My objective in undertaking this project was to discover who were the North American Alexis Wrights and Marie Munkaras. Ok, Toni Morrison is probably the Alexis Wright equivalent (I don’t think I’ve discovered a Kim Scott yet, and I don’t think Australia has an Octavia Butler or Zora Neale Hurston), but who are all those edgy, angry writers, mostly women in Australia at least, at the boundaries of literature and race and gender relations?

Well one of them is clearly Nalo Hopkinson (1960- ).

Hopkinson “was born in Jamaica, in the Caribbean. I lived for years in Guyana as well, and in Trinidad/Tobago. But the bulk of my life so far has been spent in Toronto, Canada. After about 35 years of that, I moved to the USA for a professorship in Creative Writing.” Nalohopkinson.com/About (in a section titled ‘Powered by ADHD’).

Midnight Robber (2000) is Science Fiction but as with much Women’s SF the SF is just a frame for a story about people. Men’s SF, straight SF, is generally about the SF – a universe is established and it is explored by stick figures. Women’s SF quite often follows the conventions of straight SF, a universe is established and its rules are adhered to, but the purpose is to provide an environment in which the behaviours of one or a few people may be interrogated.

Hopkinson has fun with Midnight Robber‘s environment, making her whole universe one giant Jamaican carnival.

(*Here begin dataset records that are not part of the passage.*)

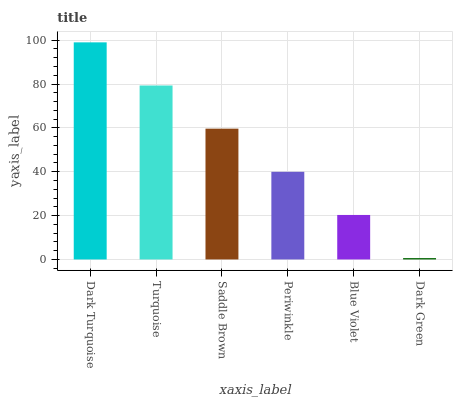Is Dark Green the minimum?
Answer yes or no. Yes. Is Dark Turquoise the maximum?
Answer yes or no. Yes. Is Turquoise the minimum?
Answer yes or no. No. Is Turquoise the maximum?
Answer yes or no. No. Is Dark Turquoise greater than Turquoise?
Answer yes or no. Yes. Is Turquoise less than Dark Turquoise?
Answer yes or no. Yes. Is Turquoise greater than Dark Turquoise?
Answer yes or no. No. Is Dark Turquoise less than Turquoise?
Answer yes or no. No. Is Saddle Brown the high median?
Answer yes or no. Yes. Is Periwinkle the low median?
Answer yes or no. Yes. Is Turquoise the high median?
Answer yes or no. No. Is Dark Turquoise the low median?
Answer yes or no. No. 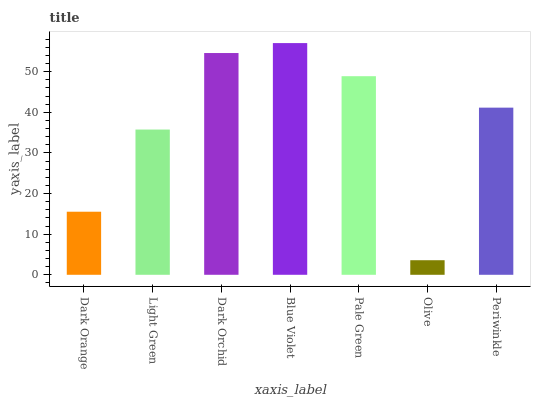Is Olive the minimum?
Answer yes or no. Yes. Is Blue Violet the maximum?
Answer yes or no. Yes. Is Light Green the minimum?
Answer yes or no. No. Is Light Green the maximum?
Answer yes or no. No. Is Light Green greater than Dark Orange?
Answer yes or no. Yes. Is Dark Orange less than Light Green?
Answer yes or no. Yes. Is Dark Orange greater than Light Green?
Answer yes or no. No. Is Light Green less than Dark Orange?
Answer yes or no. No. Is Periwinkle the high median?
Answer yes or no. Yes. Is Periwinkle the low median?
Answer yes or no. Yes. Is Dark Orchid the high median?
Answer yes or no. No. Is Dark Orchid the low median?
Answer yes or no. No. 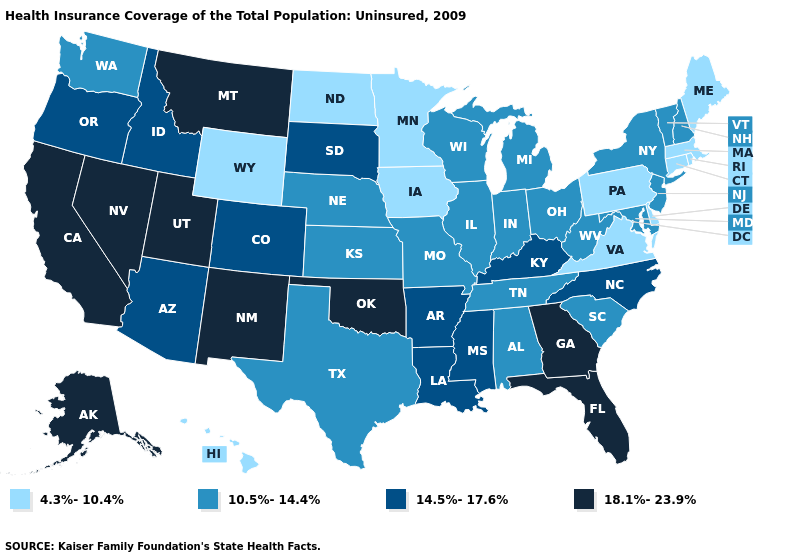Does Maryland have the highest value in the USA?
Short answer required. No. What is the highest value in the USA?
Concise answer only. 18.1%-23.9%. Among the states that border Minnesota , which have the lowest value?
Short answer required. Iowa, North Dakota. What is the highest value in the MidWest ?
Concise answer only. 14.5%-17.6%. Name the states that have a value in the range 14.5%-17.6%?
Concise answer only. Arizona, Arkansas, Colorado, Idaho, Kentucky, Louisiana, Mississippi, North Carolina, Oregon, South Dakota. What is the lowest value in the South?
Be succinct. 4.3%-10.4%. Name the states that have a value in the range 14.5%-17.6%?
Answer briefly. Arizona, Arkansas, Colorado, Idaho, Kentucky, Louisiana, Mississippi, North Carolina, Oregon, South Dakota. Name the states that have a value in the range 4.3%-10.4%?
Quick response, please. Connecticut, Delaware, Hawaii, Iowa, Maine, Massachusetts, Minnesota, North Dakota, Pennsylvania, Rhode Island, Virginia, Wyoming. Name the states that have a value in the range 10.5%-14.4%?
Concise answer only. Alabama, Illinois, Indiana, Kansas, Maryland, Michigan, Missouri, Nebraska, New Hampshire, New Jersey, New York, Ohio, South Carolina, Tennessee, Texas, Vermont, Washington, West Virginia, Wisconsin. What is the value of Nebraska?
Answer briefly. 10.5%-14.4%. Among the states that border Iowa , which have the highest value?
Quick response, please. South Dakota. Which states have the highest value in the USA?
Keep it brief. Alaska, California, Florida, Georgia, Montana, Nevada, New Mexico, Oklahoma, Utah. Does the first symbol in the legend represent the smallest category?
Answer briefly. Yes. What is the lowest value in states that border New Hampshire?
Quick response, please. 4.3%-10.4%. What is the value of Washington?
Give a very brief answer. 10.5%-14.4%. 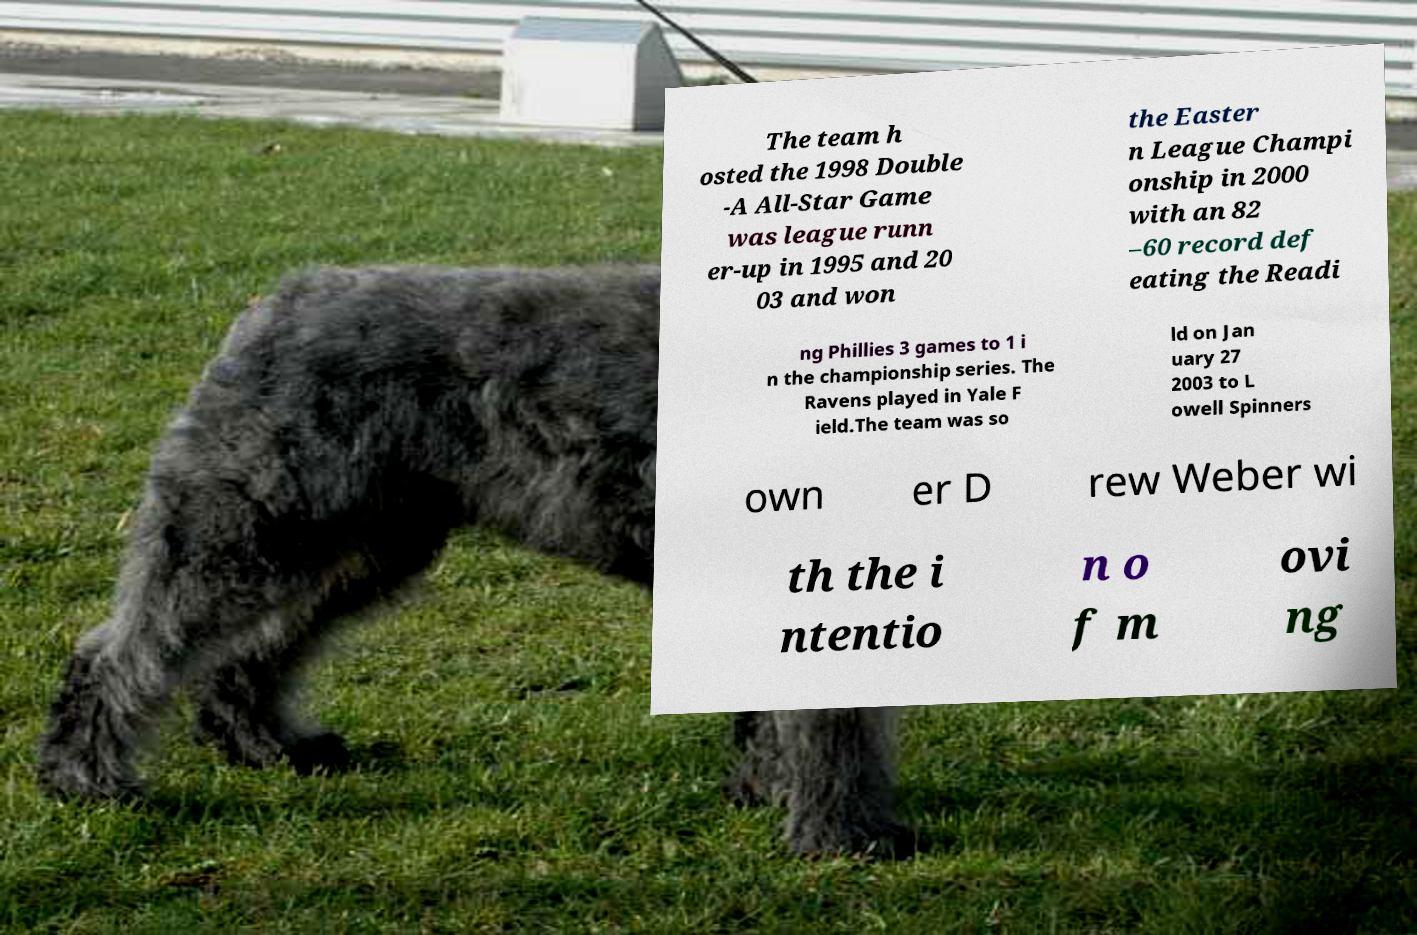Could you assist in decoding the text presented in this image and type it out clearly? The team h osted the 1998 Double -A All-Star Game was league runn er-up in 1995 and 20 03 and won the Easter n League Champi onship in 2000 with an 82 –60 record def eating the Readi ng Phillies 3 games to 1 i n the championship series. The Ravens played in Yale F ield.The team was so ld on Jan uary 27 2003 to L owell Spinners own er D rew Weber wi th the i ntentio n o f m ovi ng 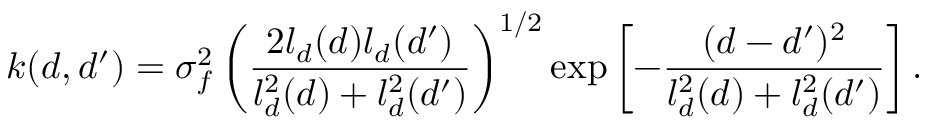<formula> <loc_0><loc_0><loc_500><loc_500>k ( d , d ^ { \prime } ) = \sigma _ { f } ^ { 2 } \left ( \frac { 2 l _ { d } ( d ) l _ { d } ( d ^ { \prime } ) } { l _ { d } ^ { 2 } ( d ) + l _ { d } ^ { 2 } ( d ^ { \prime } ) } \right ) ^ { 1 / 2 } e x p \left [ - \frac { ( d - d ^ { \prime } ) ^ { 2 } } { l _ { d } ^ { 2 } ( d ) + l _ { d } ^ { 2 } ( d ^ { \prime } ) } \right ] .</formula>

I of course missed most of the references but they’re here on Wikipedia if you want them. In brief, Earth is uninhabitable; Jamaicans have established themselves on a new planet, Toussaint; prisoners are exiled to another planet, New Half-Way Tree, in a parallel universe from which there is no return (it has a very 1788 New South Wales feel). The Indigenous people of New Half-Way Tree, the Douen, are smallish, I guess around 1.5m, with lizard-ish and bird-ish characteristics, and they live in trees – very reminiscent of Le Guin’s The Word for World is Forest.

At the start of the book, Tan-Tan is a young girl, her father is Mayor and her mother finds ways to fill in her time while Tan-Tan is cared for by AIs – the house, her nurse, the cook and so on – via an implant in her ear. So a lot of the first part of the book is establishing how that works, and how the family dynamics work.

Then Antonio, the father, comes home early to catch his wife and her lover on the sofa; challenges the lover to a duel; in cheating, accidentally kills him; and to forestall being hanged he ‘jumps’ to New Half-Way Tree, accidentally taking Tan-Tan with him.

But wait, you mean you never hear of New Half-Way Tree, the planet of the lost people? You never wonder where them all does go, the drifters, the ragimuffins-them, the ones who think the world must be have something better for them, if them could only find which part it is? You never wonder is where we send the thieves-them, and the murderers? Well master, the Nation Worlds does ship them all to New Half-Way Tree, the mirror planet of Toussaint. Yes man, on the next side of a dimension veil.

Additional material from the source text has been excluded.